Turkeypox virus

Virus classification
- (unranked): Virus
- Realm: Varidnaviria
- Kingdom: Bamfordvirae
- Phylum: Nucleocytoviricota
- Class: Pokkesviricetes
- Order: Chitovirales
- Family: Poxviridae
- Genus: Avipoxvirus
- Species: Avipoxvirus turkeypox

= Turkeypox virus =

Species of virus

Turkeypox virus is a virus of the family Poxviridae and the genus Avipoxvirus that causes turkeypox. It is one of the most common diseases in the wild turkey (Meleagris gallopavo) population. Turkeypox, like all avipoxviruses, is transmitted either through skin contact or by arthropods (typically mosquitos) acting as mechanical vectors.

Turkeypox virus was first reported in a turkey flock in New York by E.L. Burnett, and may be identified by nodular proliferative skin lesions on the non-feathered parts of the body and in the fibrino-necrotic and proliferative lesions in the mucous membrane of the upper respiratory tract.

== Viral classification ==
Turkeypox virus is a member of the family Poxviridae and is in the genus Avipoxvirus. There are currently nine other species within this genus, all of which are viruses: Fowlpox, Juncopox, Mynahpox, Psittacinepox, Sparrowpox, Starlingpox, Pigeonpox, Canarypox, and Quailpox.

Avipoxvirus infections have been reported in over 232 bird species in 23 orders of birds, but most of our knowledge comes from the study of Fowlpox virus and Canarypox virus as they are the only species with full genome sequences available.

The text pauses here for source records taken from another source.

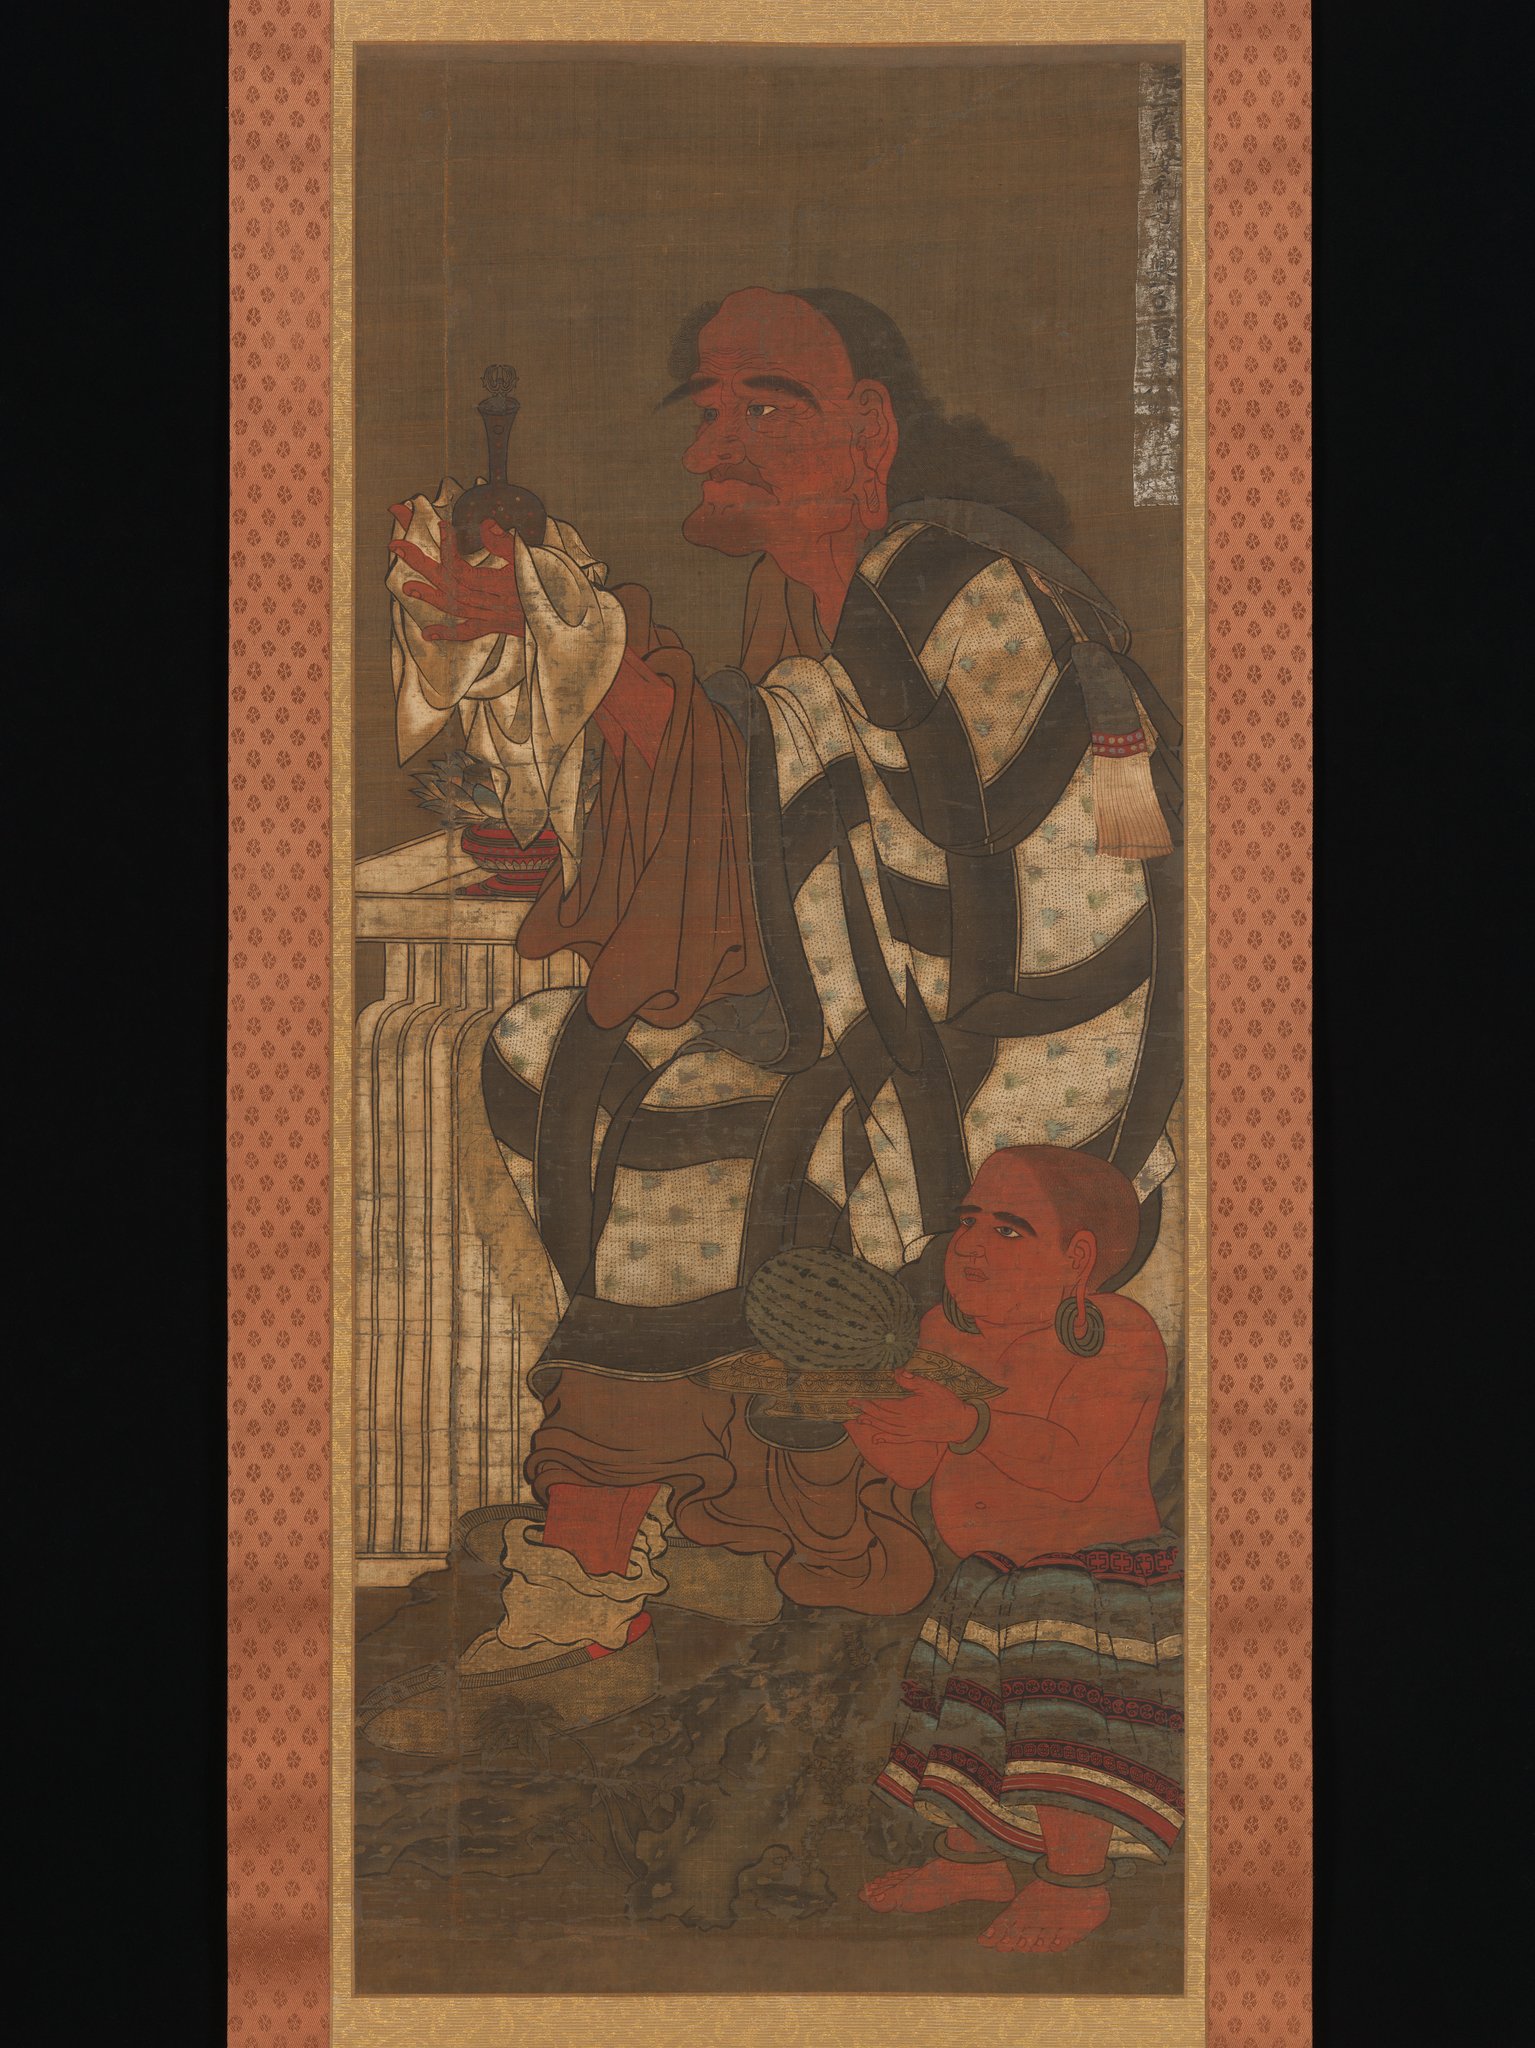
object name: hanging scroll
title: Satsubari, the Second of the Sixteen Arhats
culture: japanese
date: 1367-1400
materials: ink, silk
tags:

== Structure and genome ==
Turkeypox virus, like other Avipoxviruses, is an enveloped, double-stranded DNA virus with a large, linear genome of approximately 300 kilobytes in size. The central region of the genome contains at least 90–100 homologous genes that are involved in viral replication, and these genes are generally relatively conserved among poxviruses. This is in contrast to the more variable, terminally located genes that have been shown to encode a diverse array of proteins involved in host range restriction.

== Replication ==
Avipoxviruses follow the same replication cycle that all poxviruses use. Poxvirus is unique from other DNA viruses in respect to its locale of replication in the cell. Poxvirus replicates in the cytoplasm instead of the nucleus. This phenomenon is made possible by the fact that poxvirus encodes its own transcriptional machinery, so poxvirus uses only the host translational machinery to produce its mature virions.

=== Entry and initial uncoating ===

Poxvirus starts its replication cycle by attaching to host cell receptors. These receptors are thought to be glycosaminoglycan. Once attached the virus uncoats by first losing its outer membrane and then fusing with the cellular membrane so that its core particle containing the genome can be released into the cytoplasm.

=== Early transcription ===

Once in the cytoplasm poxvirus then starts to express early genes. These early genes are expressions are mediated by virally encoded transcriptional machinery that includes: a heterodimeric transcription factor (vETF), a seven-subunit RNA polymerase, the heterodimeric capping enzyme/ termination protein, and the heterodimeric poly(A) polymerase. Also important for transcription is a capsidated RNA helicase, and two NTPases. These early transcripts are released from the core and translated by host ribosomes.

==== Translocation ====

The viral core is now translocated to the outside of the cell nucleus.

==== Second uncoating ====
After these early genes are transcribed and translated there is a second uncoating step in which the rest of the genome is released and exposed to the previously produced replications proteins. The viral genome is now replicated as concatamers and transcription and translation of intermediate genes (mainly coding for transcription factors) occurs.

==== Late transcription ====
Late viral genes are now being transcribed (most encode for structural proteins, enzymes and transcriptions factors) and are then translated.

==== Assembly and release ====
The concatameric intermediates produced earlier are now resolved into double strand DNA and packaged in the late viral proteins to produce and immature virions (IV). The immature virions mature through an unknown mechanism that may involve processing by the Golgi apparatus in the cell. They are now mature virions that are release from the cell by either lysing the cell or budding out from the membrane. It is through budding that they acquire their envelope.

== Tropism ==
Avipoxviruses, like all viruses, is an obligate intracellular parasite. It uses host translational machinery to replicate its genome. Avipoxviruses only infect birds, particularly wild fowl, and in this case, wild turkey (Meleagris gallopavo). Avipoxviruses are not able to complete their replication in non-avian species. Transmission of avipoxvirus occurs through a mosquito vector.